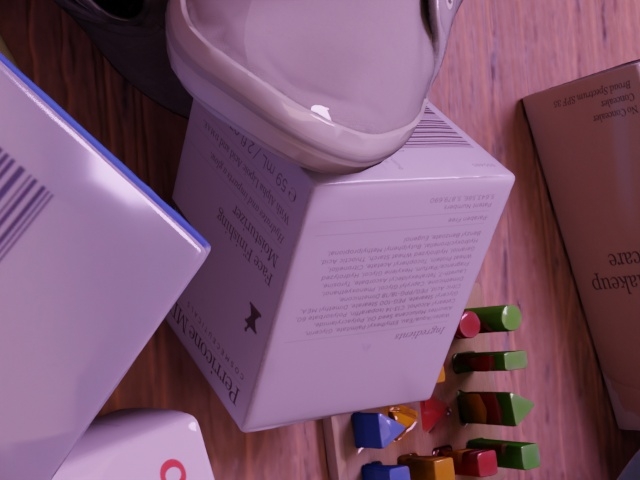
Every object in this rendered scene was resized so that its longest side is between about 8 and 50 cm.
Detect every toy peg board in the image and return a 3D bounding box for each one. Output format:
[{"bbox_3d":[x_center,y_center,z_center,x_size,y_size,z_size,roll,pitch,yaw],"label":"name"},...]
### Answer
[{"bbox_3d":[0.088,0.117,0.902,0.160,0.079,0.161,-6,87,-33],"label":"toy peg board"}]

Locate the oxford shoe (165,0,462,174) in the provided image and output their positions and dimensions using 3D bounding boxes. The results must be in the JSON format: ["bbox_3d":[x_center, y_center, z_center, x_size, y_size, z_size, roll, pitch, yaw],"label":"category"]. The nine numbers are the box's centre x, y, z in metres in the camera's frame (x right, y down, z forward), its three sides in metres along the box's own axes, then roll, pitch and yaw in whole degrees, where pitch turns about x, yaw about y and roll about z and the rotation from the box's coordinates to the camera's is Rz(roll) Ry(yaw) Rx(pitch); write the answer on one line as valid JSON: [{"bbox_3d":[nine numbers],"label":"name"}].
[{"bbox_3d":[0.028,-0.178,0.749,0.169,0.130,0.449,36,32,-3],"label":"oxford shoe"}]

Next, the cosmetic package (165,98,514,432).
[{"bbox_3d":[0.000,0.000,0.772,0.151,0.151,0.184,-4,125,-33],"label":"cosmetic package"}]

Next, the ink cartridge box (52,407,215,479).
[{"bbox_3d":[-0.185,0.237,0.691,0.283,0.117,0.207,-18,94,-32],"label":"ink cartridge box"}]

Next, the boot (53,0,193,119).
[{"bbox_3d":[-0.122,-0.145,0.744,0.246,0.161,0.083,40,95,-18],"label":"boot"}]

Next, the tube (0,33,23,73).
[{"bbox_3d":[-0.261,-0.172,0.734,0.070,0.062,0.240,-20,103,11],"label":"tube"}]

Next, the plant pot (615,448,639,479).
[{"bbox_3d":[0.348,0.292,0.885,0.247,0.248,0.252,-7,46,-32],"label":"plant pot"}]

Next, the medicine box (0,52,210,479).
[{"bbox_3d":[-0.242,-0.014,0.583,0.263,0.289,0.149,44,66,-21],"label":"medicine box"}]

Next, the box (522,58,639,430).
[{"bbox_3d":[0.300,-0.001,1.014,0.121,0.148,0.311,-19,93,-31],"label":"box"}]
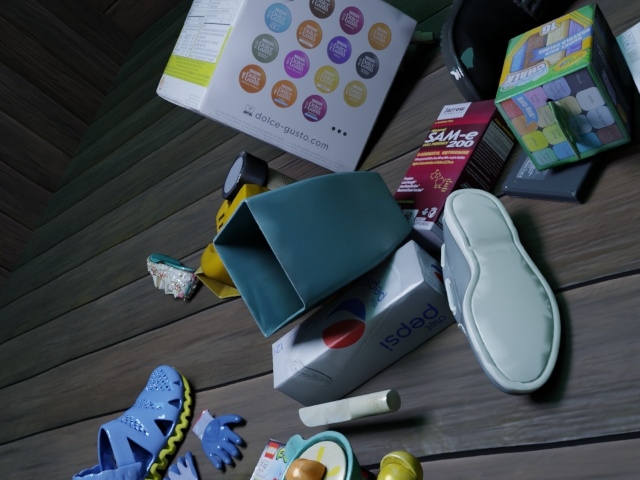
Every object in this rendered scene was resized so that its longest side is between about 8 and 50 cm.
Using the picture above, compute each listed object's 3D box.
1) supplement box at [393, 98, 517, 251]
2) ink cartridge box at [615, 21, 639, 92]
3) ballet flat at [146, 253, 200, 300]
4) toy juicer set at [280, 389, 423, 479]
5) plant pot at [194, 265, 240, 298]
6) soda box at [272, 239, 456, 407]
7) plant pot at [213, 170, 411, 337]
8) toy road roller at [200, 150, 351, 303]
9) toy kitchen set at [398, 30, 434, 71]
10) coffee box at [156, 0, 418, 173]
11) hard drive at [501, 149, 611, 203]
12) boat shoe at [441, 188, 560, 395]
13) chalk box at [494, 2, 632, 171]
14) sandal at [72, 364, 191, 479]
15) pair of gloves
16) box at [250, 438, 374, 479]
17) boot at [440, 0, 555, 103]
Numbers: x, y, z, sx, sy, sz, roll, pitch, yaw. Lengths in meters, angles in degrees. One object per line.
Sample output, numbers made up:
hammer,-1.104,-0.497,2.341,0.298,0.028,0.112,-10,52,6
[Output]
supplement box,0.202,-0.101,1.180,0.130,0.073,0.239,6,62,57
ink cartridge box,0.425,-0.175,0.926,0.046,0.097,0.207,-32,35,31
ballet flat,-0.348,0.083,1.740,0.241,0.091,0.077,17,94,62
toy juicer set,0.023,0.280,0.918,0.209,0.089,0.329,-38,29,27
plant pot,-0.188,0.058,1.546,0.082,0.081,0.083,-12,38,49
soda box,0.061,0.130,1.101,0.286,0.098,0.091,-38,33,22
plant pot,0.000,0.000,1.104,0.234,0.165,0.165,-26,-9,-30
toy road roller,-0.097,0.024,1.350,0.240,0.203,0.329,-55,26,25
toy kitchen set,0.192,-0.384,1.550,0.083,0.075,0.068,0,9,16
coffee box,-0.079,-0.363,1.520,0.338,0.338,0.334,32,100,61
hard drive,0.326,-0.100,1.057,0.094,0.022,0.135,-58,30,-11
boat shoe,0.221,0.072,0.978,0.099,0.116,0.319,95,170,-46
chalk box,0.323,-0.188,1.005,0.132,0.132,0.213,-18,33,36
sandal,-0.336,0.361,1.366,0.126,0.138,0.317,-24,38,43
pair of gloves,-0.198,0.372,1.276,0.198,0.023,0.159,-57,32,-7
box,-0.025,0.348,1.047,0.207,0.036,0.114,-5,53,52
boot,0.339,-0.388,1.241,0.260,0.131,0.347,-24,39,39
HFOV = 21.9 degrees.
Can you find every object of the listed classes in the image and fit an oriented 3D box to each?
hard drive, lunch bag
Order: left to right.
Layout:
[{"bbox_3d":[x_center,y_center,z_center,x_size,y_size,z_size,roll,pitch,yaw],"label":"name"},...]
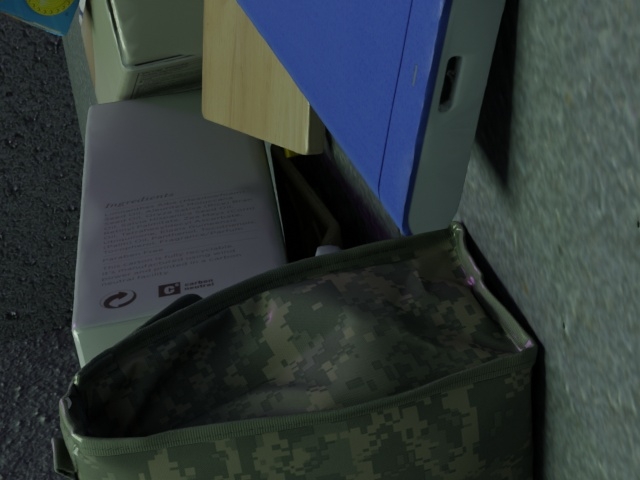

> [Problem details] Restate the entries verbatim, without pictures.

> [Problem solution]
Every object in this rendered scene was resized so that its longest side is between about 8 and 50 cm.
Detect every toy peg board in the image and return a 3D bounding box for each one. Output format:
[{"bbox_3d":[x_center,y_center,z_center,x_size,y_size,z_size,roll,pitch,yaw],"label":"name"},...]
### Answer
[{"bbox_3d":[0.088,0.117,0.902,0.160,0.079,0.161,-6,87,-33],"label":"toy peg board"}]

Locate the oxford shoe (165,0,462,174) in the provided image and output their positions and dimensions using 3D bounding boxes. The results must be in the JSON format: ["bbox_3d":[x_center, y_center, z_center, x_size, y_size, z_size, roll, pitch, yaw],"label":"category"]. The nine numbers are the box's centre x, y, z in metres in the camera's frame (x right, y down, z forward), its three sides in metres along the box's own axes, then roll, pitch and yaw in whole degrees, where pitch turns about x, yaw about y and roll about z and the rotation from the box's coordinates to the camera's is Rz(roll) Ry(yaw) Rx(pitch); write the answer on one line as valid JSON: [{"bbox_3d":[nine numbers],"label":"name"}].
[{"bbox_3d":[0.028,-0.178,0.749,0.169,0.130,0.449,36,32,-3],"label":"oxford shoe"}]

Next, the cosmetic package (165,98,514,432).
[{"bbox_3d":[0.000,0.000,0.772,0.151,0.151,0.184,-4,125,-33],"label":"cosmetic package"}]

Next, the ink cartridge box (52,407,215,479).
[{"bbox_3d":[-0.185,0.237,0.691,0.283,0.117,0.207,-18,94,-32],"label":"ink cartridge box"}]

Next, the boot (53,0,193,119).
[{"bbox_3d":[-0.122,-0.145,0.744,0.246,0.161,0.083,40,95,-18],"label":"boot"}]

Next, the tube (0,33,23,73).
[{"bbox_3d":[-0.261,-0.172,0.734,0.070,0.062,0.240,-20,103,11],"label":"tube"}]

Next, the plant pot (615,448,639,479).
[{"bbox_3d":[0.348,0.292,0.885,0.247,0.248,0.252,-7,46,-32],"label":"plant pot"}]

Next, the medicine box (0,52,210,479).
[{"bbox_3d":[-0.242,-0.014,0.583,0.263,0.289,0.149,44,66,-21],"label":"medicine box"}]

Next, the box (522,58,639,430).
[{"bbox_3d":[0.300,-0.001,1.014,0.121,0.148,0.311,-19,93,-31],"label":"box"}]
Every object in this rendered scene was resized so that its longest side is between about 8 and 50 cm.
Using the picture above, compute each listed object's 3D box.
1) supplement box at [393, 98, 517, 251]
2) ink cartridge box at [615, 21, 639, 92]
3) ballet flat at [146, 253, 200, 300]
4) toy juicer set at [280, 389, 423, 479]
5) plant pot at [194, 265, 240, 298]
6) soda box at [272, 239, 456, 407]
7) plant pot at [213, 170, 411, 337]
8) toy road roller at [200, 150, 351, 303]
9) toy kitchen set at [398, 30, 434, 71]
10) coffee box at [156, 0, 418, 173]
11) hard drive at [501, 149, 611, 203]
12) boat shoe at [441, 188, 560, 395]
13) chalk box at [494, 2, 632, 171]
14) sandal at [72, 364, 191, 479]
15) pair of gloves
16) box at [250, 438, 374, 479]
17) boot at [440, 0, 555, 103]
Numbers: x, y, z, sx, sy, sz, roll, pitch, yaw. Lengths in meters, angles in degrees. One object per line.
Sample output, numbers made up:
hammer,-1.104,-0.497,2.341,0.298,0.028,0.112,-10,52,6
[Output]
supplement box,0.202,-0.101,1.180,0.130,0.073,0.239,6,62,57
ink cartridge box,0.425,-0.175,0.926,0.046,0.097,0.207,-32,35,31
ballet flat,-0.348,0.083,1.740,0.241,0.091,0.077,17,94,62
toy juicer set,0.023,0.280,0.918,0.209,0.089,0.329,-38,29,27
plant pot,-0.188,0.058,1.546,0.082,0.081,0.083,-12,38,49
soda box,0.061,0.130,1.101,0.286,0.098,0.091,-38,33,22
plant pot,0.000,0.000,1.104,0.234,0.165,0.165,-26,-9,-30
toy road roller,-0.097,0.024,1.350,0.240,0.203,0.329,-55,26,25
toy kitchen set,0.192,-0.384,1.550,0.083,0.075,0.068,0,9,16
coffee box,-0.079,-0.363,1.520,0.338,0.338,0.334,32,100,61
hard drive,0.326,-0.100,1.057,0.094,0.022,0.135,-58,30,-11
boat shoe,0.221,0.072,0.978,0.099,0.116,0.319,95,170,-46
chalk box,0.323,-0.188,1.005,0.132,0.132,0.213,-18,33,36
sandal,-0.336,0.361,1.366,0.126,0.138,0.317,-24,38,43
pair of gloves,-0.198,0.372,1.276,0.198,0.023,0.159,-57,32,-7
box,-0.025,0.348,1.047,0.207,0.036,0.114,-5,53,52
boot,0.339,-0.388,1.241,0.260,0.131,0.347,-24,39,39
HFOV = 21.9 degrees.
Can you find every object of the listed classes in the image and fit an oriented 3D box to each?
hard drive, lunch bag
Order: left to right.
Layout:
[{"bbox_3d":[x_center,y_center,z_center,x_size,y_size,z_size,roll,pitch,yaw],"label":"name"},...]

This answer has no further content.